Guest Post by Billy Elliott

When I was about eight years old, Dad bought our latest used car. He must have really needed this latest one. Our family was growing, and we needed a bigger car for sure. Dad also needed a dependable car for work. So one day, he comes home on payday with our “new” used station wagon.

It was a 1959 Plymouth 2-door station wagon. It was actually called a “Suburban”. There was some sort of dispute between Chrysler-Plymouth and General Motors over the name “Suburban” around that time (GM won).

1959 red plymouth station wagonPhoto Courtesy Richard Rowlands, Venice, California

The Plymouth Suburban was sort of like a sedan delivery. It was a no-frills car, no V-8 (it was a six), and no automatic transmission (it was a “three on the tree” column shift 3-speed). There was no carpeting; instead, it had a full rubber floor-mat from front to back. It’s faded blue paint wasn’t very impressive, but the fins on the back that were so typical of the late 50’s styling were kind of cool.

A payday or two later, I remember Dad walking through the door with the announcement: “I bought another car.”
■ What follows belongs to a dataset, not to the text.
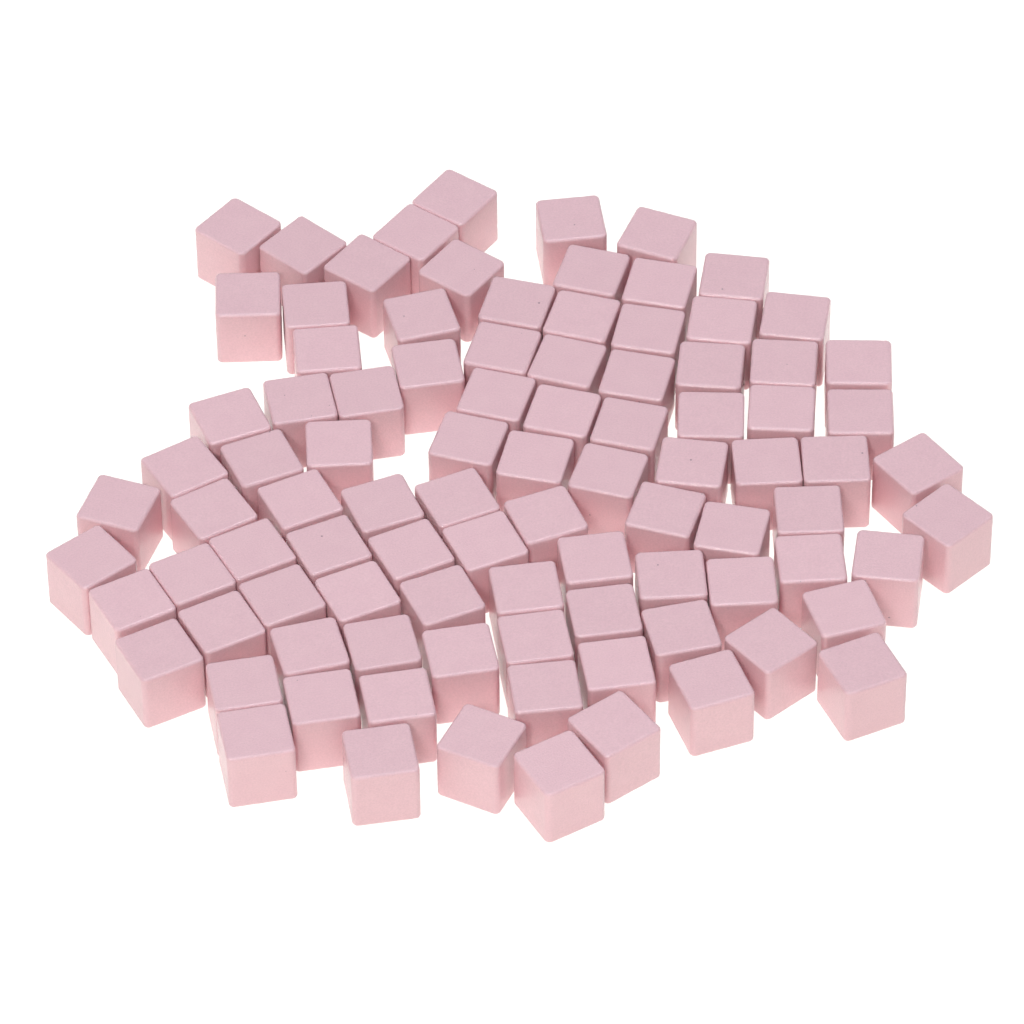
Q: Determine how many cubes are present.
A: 94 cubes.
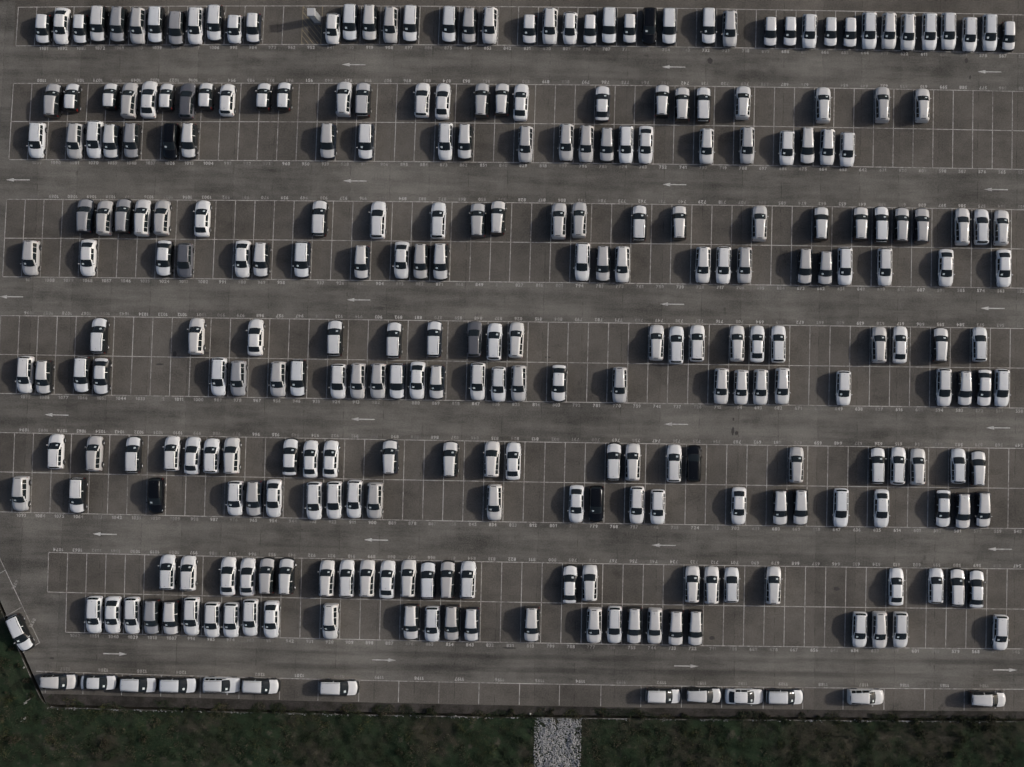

We all ran outside to see what we were going to be riding around, and were amazed that Dad actually bought ANOTHER 1959 Plymouth Station Wagon!

There in our driveway sat looked like a brand new ’59 Plymouth four-door station wagon. It was SALMON PINK and shined like a new penny. The interior was perfect and even had the original transparent-plastic seat covers on it. This car was nice! It had AIR CONDITIONING and a BIG V-8 with a PUSH-BUTTON Automatic Transmission! These buttons had the letters


printed on them, stacked up tall next to the speedometer. The driver actually pushed a button for the gear they wanted. Detroit was very cool back then! We thought we had died and gone to junkyard heaven!
THIS car was a 9-passenger! There where two forward-facing seats, like in a sedan; but the third seat faced to the rear. It had a power window control next to the third seat, and I loved to drive with the window down (still do).

“I only paid $50 for it,” said Dad.

“They should have paid you to take it off their hands,” said Mom. “It’s so ugly!”

But Dad really found a jewel that Friday night, and it was our family car for a while.

One night, Dad and Mom were driving in our neighborhood with JENX67 sitting between them in the front seat (no car seat law back then – OR SEATBELTS for that matter). As they drove through our neighborhood, someone decided that the windshield needed a big hole in it, so they threw a rock and nailed it dead center. Shards of glass flew inside the car and into the faces of the three front-seat passengers.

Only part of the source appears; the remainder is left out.